▼
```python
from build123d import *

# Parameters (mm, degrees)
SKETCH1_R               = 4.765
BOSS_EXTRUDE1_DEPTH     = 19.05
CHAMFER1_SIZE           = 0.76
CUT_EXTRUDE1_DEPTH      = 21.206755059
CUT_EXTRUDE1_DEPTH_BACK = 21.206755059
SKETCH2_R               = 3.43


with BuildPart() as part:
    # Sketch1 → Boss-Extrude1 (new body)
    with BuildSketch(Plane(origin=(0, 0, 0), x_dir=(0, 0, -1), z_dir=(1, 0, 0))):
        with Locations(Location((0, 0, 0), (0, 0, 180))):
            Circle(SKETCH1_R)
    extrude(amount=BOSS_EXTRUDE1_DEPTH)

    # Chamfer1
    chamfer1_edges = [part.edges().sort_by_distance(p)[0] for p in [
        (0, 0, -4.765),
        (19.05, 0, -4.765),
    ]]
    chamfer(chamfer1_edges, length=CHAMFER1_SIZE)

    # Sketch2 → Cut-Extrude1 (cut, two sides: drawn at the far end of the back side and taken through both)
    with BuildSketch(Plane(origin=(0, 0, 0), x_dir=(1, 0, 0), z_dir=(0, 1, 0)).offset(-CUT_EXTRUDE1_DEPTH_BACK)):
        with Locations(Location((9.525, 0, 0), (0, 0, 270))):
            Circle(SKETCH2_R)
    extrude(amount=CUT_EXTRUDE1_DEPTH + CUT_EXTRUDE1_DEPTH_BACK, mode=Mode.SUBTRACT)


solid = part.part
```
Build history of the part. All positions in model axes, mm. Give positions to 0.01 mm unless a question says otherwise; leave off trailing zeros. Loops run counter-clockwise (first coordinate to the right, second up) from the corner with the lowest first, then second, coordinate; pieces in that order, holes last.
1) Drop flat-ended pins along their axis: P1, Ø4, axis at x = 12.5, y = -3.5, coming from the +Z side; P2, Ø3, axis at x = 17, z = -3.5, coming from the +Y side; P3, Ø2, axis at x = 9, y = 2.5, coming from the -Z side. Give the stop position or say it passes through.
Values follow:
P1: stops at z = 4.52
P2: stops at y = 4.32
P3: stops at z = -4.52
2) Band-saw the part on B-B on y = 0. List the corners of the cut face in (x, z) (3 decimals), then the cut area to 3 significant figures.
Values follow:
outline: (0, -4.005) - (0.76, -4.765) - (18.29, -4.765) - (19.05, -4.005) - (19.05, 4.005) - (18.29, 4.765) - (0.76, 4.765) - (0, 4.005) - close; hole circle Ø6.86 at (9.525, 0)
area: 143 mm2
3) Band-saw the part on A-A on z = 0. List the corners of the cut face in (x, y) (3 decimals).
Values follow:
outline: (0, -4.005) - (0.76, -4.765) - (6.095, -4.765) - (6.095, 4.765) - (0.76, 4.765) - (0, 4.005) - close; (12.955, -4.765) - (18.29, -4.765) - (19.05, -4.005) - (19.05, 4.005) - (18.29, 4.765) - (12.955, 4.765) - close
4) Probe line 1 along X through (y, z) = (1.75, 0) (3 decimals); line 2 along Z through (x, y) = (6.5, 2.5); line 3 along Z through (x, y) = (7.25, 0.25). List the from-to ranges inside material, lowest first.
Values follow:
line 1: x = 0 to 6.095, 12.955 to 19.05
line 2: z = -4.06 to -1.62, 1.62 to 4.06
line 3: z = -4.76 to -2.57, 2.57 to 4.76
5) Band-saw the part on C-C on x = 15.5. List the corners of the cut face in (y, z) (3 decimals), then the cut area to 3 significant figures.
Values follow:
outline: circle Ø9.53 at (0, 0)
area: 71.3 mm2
▲
**TASK BRIEF**
Reproduce, exactly and only, the lines running from the one with "outline: (0, -4.005) - (0.76, -4.765) - (6.095, -4.765)" to the end of the listing above.

**TASK ANSWER**
outline: (0, -4.005) - (0.76, -4.765) - (6.095, -4.765) - (6.095, 4.765) - (0.76, 4.765) - (0, 4.005) - close; (12.955, -4.765) - (18.29, -4.765) - (19.05, -4.005) - (19.05, 4.005) - (18.29, 4.765) - (12.955, 4.765) - close
4) Probe line 1 along X through (y, z) = (1.75, 0) (3 decimals); line 2 along Z through (x, y) = (6.5, 2.5); line 3 along Z through (x, y) = (7.25, 0.25). List the from-to ranges inside material, lowest first.
Values follow:
line 1: x = 0 to 6.095, 12.955 to 19.05
line 2: z = -4.06 to -1.62, 1.62 to 4.06
line 3: z = -4.76 to -2.57, 2.57 to 4.76
5) Band-saw the part on C-C on x = 15.5. List the corners of the cut face in (y, z) (3 decimals), then the cut area to 3 significant figures.
Values follow:
outline: circle Ø9.53 at (0, 0)
area: 71.3 mm2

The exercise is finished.